*Originally Posted: January 18, 2009*
I just made it home from one of my more enjoyable trips up to Redding, and am now taking a second to reflect on one particular conversation that I had.
Right before I left… my Mom said something to me that managed to sneak underneath my barrier of chains and through the wall that hides my heart from the world. After watching a video about the benefits of EFT (emotional freedom technique), she gave me a hug and said, “Caty you don’t have to be perfect. You’re pretty close already, but you don’t have to be perfect.” And with that statement I started to cry. Hard.

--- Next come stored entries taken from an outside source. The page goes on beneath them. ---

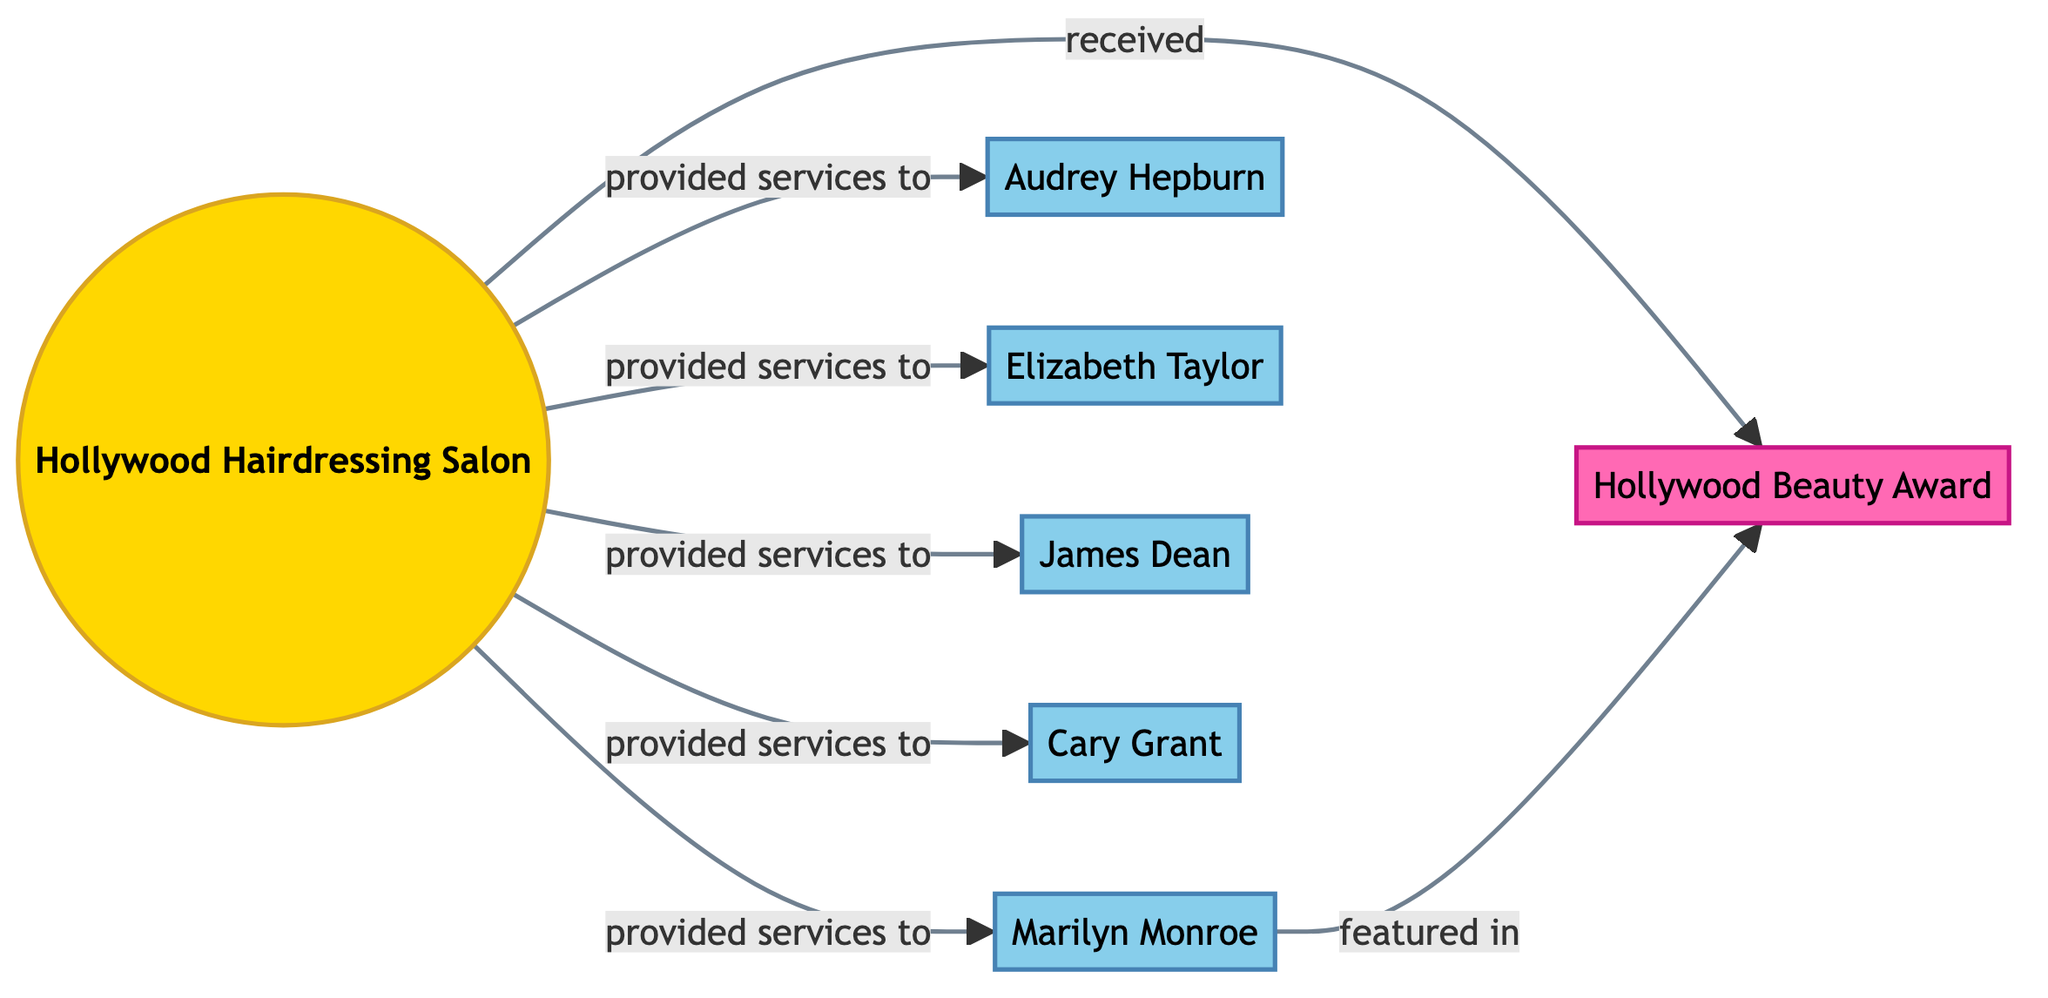How many clients are represented in the diagram? The diagram shows nodes that are identified as clients. There are five distinct client nodes: Marilyn Monroe, Audrey Hepburn, Elizabeth Taylor, James Dean, and Cary Grant. Therefore, the total number of clients is five.
Answer: 5 Which event is connected to the Hollywood Hairdressing Salon? The diagram connects the Hollywood Hairdressing Salon to the Hollywood Beauty Award. This is indicated by an edge labeled "received," showing that the salon received the award.
Answer: Hollywood Beauty Award What is the relationship between Marilyn Monroe and the Hollywood Hairdressing Salon? The diagram shows an edge from the Hollywood Hairdressing Salon to Marilyn Monroe labeled "provided hairdressing services to". This indicates the service relationship between them.
Answer: provided hairdressing services to Who is featured in the Hollywood Beauty Award? From the diagram, there is an edge from Marilyn Monroe to the Hollywood Beauty Award labeled "featured in". Therefore, Marilyn Monroe is the person featured in the award.
Answer: Marilyn Monroe How many connections does the salon have? The salon has edges to five clients and one event, totaling six connections. This can be counted directly from the outgoing relationships from the salon node.
Answer: 6 Which client has a direct connection to the Hollywood Beauty Award? The only client with a direct connection to the Hollywood Beauty Award is Marilyn Monroe, indicated by the edge labeled "featured in." Thus, she is the client linked to the award.
Answer: Marilyn Monroe What type of nodes are represented in the diagram? The diagram includes three types of nodes: an entity (Hollywood Hairdressing Salon), clients (e.g., Marilyn Monroe), and an event (Hollywood Beauty Award). This categorization can be identified through the defined node types.
Answer: entity, client, event How many edges are connected to the client Cary Grant? The diagram shows an edge from the salon to Cary Grant, indicating that he was provided hairdressing services. There are no other edges connected to Cary Grant, so the count is one.
Answer: 1

I don’t think she knows (though she probably will now), but my entire life I’ve always felt pressure to be perfect. It started as me being a little girl and just wanting to be the best for Mommy and Daddy so that they could be proud of me… so that there wouldn’t be any reason to be mad at me, and so our family wouldn’t fight. As I grew up it got to the point where everyone expected me to be perfect, and so I was. I got straight A’s. I won the beauty pageants and talent shows. I dated the Varsity quarterback. I drove a Mustang. I was tall, had a great face, and a killer figure. I was Captain of the basketball and swim teams. I got in to a bunch of different colleges. I graduated college, with honors, in 4 years. I never did drugs. I have a decent job that is salaried and has benefits. I have my own apartment and a dog.
How many other kids at the age of 22 can say that? Pretty close to perfect, huh?
Up until tonight (well last night, now) at 6:00 pm, I’ve always been under this subconscious pressure to be, “perfect.” I think inside I kind of know why I succombed to the pressure, rather than tell the world to eff-off, but I’m not ready to publish that yet. And I don’t know that I ever will. Maybe it will get published in my book, but who knows. I think I still have some investigating to do about the feelings and thoughts of perfection before I can fully explain why I struggled to be perfect for so long.
Now, the effects of this conversation doesn’t mean that I’m going to experiment with drugs (I’ve never had that desire), or that I’m going to run away to India and study meditation (I really like my house), or that I’m going to quit my job in order to do start my own business (well, I may end up doing that…). The point is that I’m not sure why I needed Mom’s permission to not be perfect, but I feel much better about just being me now that I have it.
Mom, thank you from releasing me from the chains that I feel I have been locked in for my entire life. I really don’t want to be perfect any more… for now I just want to learn to be me. I love you.